La crisis climática dejó de ser una amenaza a futuro y se manifiesta hoy como un problema de salud pública global. De acuerdo con un estudio reciente de Climate Trace, la quema de combustibles fósiles expone a por lo menos 1,600 millones de personas a contaminantes tóxicos que afectan su bienestar y aumentan los riesgos de enfermedad.
Un impacto que trasciende el calentamiento global
El informe, citado por The Guardian, precisa que aunque el dióxido de carbono es el principal gas derivado de carbón, petróleo y gas, su efecto más grave no radica en la toxicidad directa, sino en su capacidad de acelerar el calentamiento global. Lo más preocupante son las partículas finas PM2.5, resultado de la combustión, que penetran en los pulmones y en el sistema circulatorio.
La exposición prolongada a estas partículas se asocia con problemas cardiovasculares, cáncer y enfermedades respiratorias crónicas. El riesgo se amplifica en grandes urbes donde la densidad poblacional convierte la contaminación en una amenaza cotidiana e invisible.
Ciudades atrapadas en el aire tóxico
El análisis de Climate Trace identifica a 900 millones de personas que viven en zonas cercanas a los llamados superemisores: centrales eléctricas, refinerías y puertos con altos niveles de liberación contaminante. Ciudades como Karachi, Guangzhou, Seúl y Nueva York figuran entre las más afectadas.
La herramienta, basada en satélites y sensores, permite rastrear con precisión la localización de estas emisiones, haciendo evidente la correlación entre instalaciones industriales y el deterioro de la salud pública. Según Al Gore, cofundador de la coalición, esta crisis silenciosa provoca 8.7 millones de muertes prematuras al año.
Políticas insuficientes y contradicciones
En Estados Unidos, la respuesta institucional ha sido objeto de debate. Durante la administración de Donald Trump, varios programas climáticos federales fueron eliminados, debilitando a la Agencia de Protección Ambiental. Aunque se reconoce el problema de la contaminación, los avances regulatorios han sido limitados y, en muchos casos, contradictorios con los compromisos internacionales.
El caso estadounidense refleja un dilema común: mientras se admite la magnitud del desafío, los recursos asignados y la voluntad política resultan insuficientes para reducir las emisiones.
Una responsabilidad compartida
El reto no se circunscribe a los países industrializados. Cada nación que depende de los combustibles fósiles aporta al deterioro ambiental. Sin embargo, las diferencias en capacidad económica y en infraestructura tecnológica marcan la brecha entre quienes pueden responder con mayor rapidez y aquellos que enfrentan vulnerabilidades más profundas.

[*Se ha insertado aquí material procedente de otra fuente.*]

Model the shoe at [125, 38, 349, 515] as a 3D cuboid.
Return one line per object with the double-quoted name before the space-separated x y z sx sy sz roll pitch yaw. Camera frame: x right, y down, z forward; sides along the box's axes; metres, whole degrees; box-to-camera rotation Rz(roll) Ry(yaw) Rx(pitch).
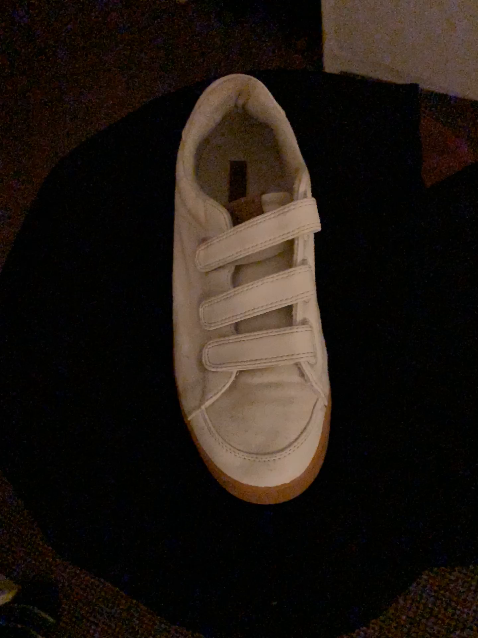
"shoe" -0.004 -0.026 0.296 0.096 0.080 0.255 -9 72 9
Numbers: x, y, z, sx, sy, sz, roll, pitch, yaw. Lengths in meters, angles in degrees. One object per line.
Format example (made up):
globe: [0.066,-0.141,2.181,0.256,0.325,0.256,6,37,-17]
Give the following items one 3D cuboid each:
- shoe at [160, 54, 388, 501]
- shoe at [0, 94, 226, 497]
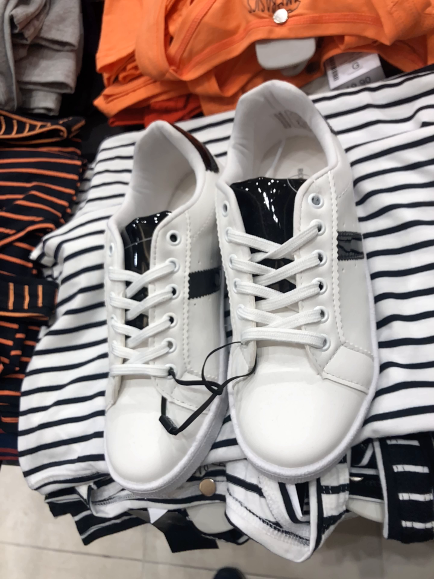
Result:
shoe: [0.034,-0.005,0.262,0.090,0.080,0.210,-5,69,18]
shoe: [-0.051,0.004,0.288,0.080,0.080,0.210,-3,70,19]
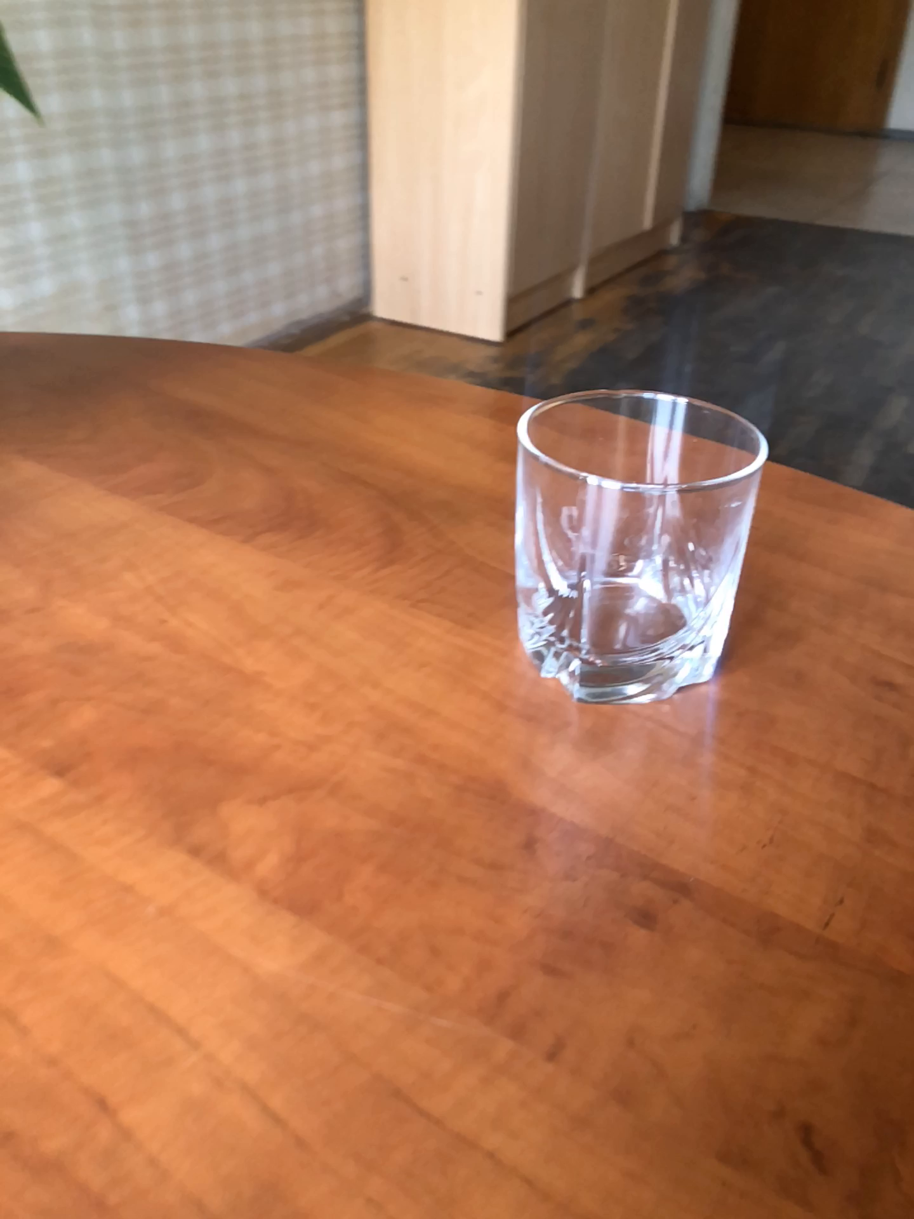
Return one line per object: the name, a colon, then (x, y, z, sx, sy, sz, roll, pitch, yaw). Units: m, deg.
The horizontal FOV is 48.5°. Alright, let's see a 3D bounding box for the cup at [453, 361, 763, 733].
cup: (0.054, -0.027, 0.359, 0.089, 0.086, 0.095, 1, 32, -1)

La Asamblea General de la ONU y cumbres como la próxima COP30 en Brasil se perfilan como espacios cruciales para establecer compromisos vinculantes. Sin embargo, los expertos advierten que, sin mecanismos claros de verificación y sanción, las declaraciones de intención seguirán siendo insuficientes.
Empresas y sociedad civil, actores clave
El estudio también pone sobre la mesa el papel de las compañías privadas y la necesidad de que la responsabilidad social corporativa trascienda los programas de reducción de huella ambiental. Se espera que las empresas lideren la transición hacia modelos de producción sostenibles que prioricen la salud de las comunidades.
Por su parte, organizaciones civiles y ciudadanos cuentan ahora con herramientas como el mapa de Climate Trace para exigir mayor rendición de cuentas a gobiernos y corporaciones, al disponer de datos verificables y accesibles sobre las fuentes de emisión.
Del diagnóstico a la acción
La cifra de 1,600 millones de personas en riesgo revela un vínculo innegable entre cambio climático, contaminación del aire y salud pública. Para los especialistas, apostar por energías limpias, reforzar regulaciones y acelerar la transición energética ya no es solo una política ambiental, sino un acto de justicia social.
El costo de la inacción —advierten— será mucho más alto que el de cualquier inversión en mitigación y transición energética. Lo que está en juego no es únicamente la estabilidad del planeta, sino la calidad de vida y la supervivencia de comunidades enteras.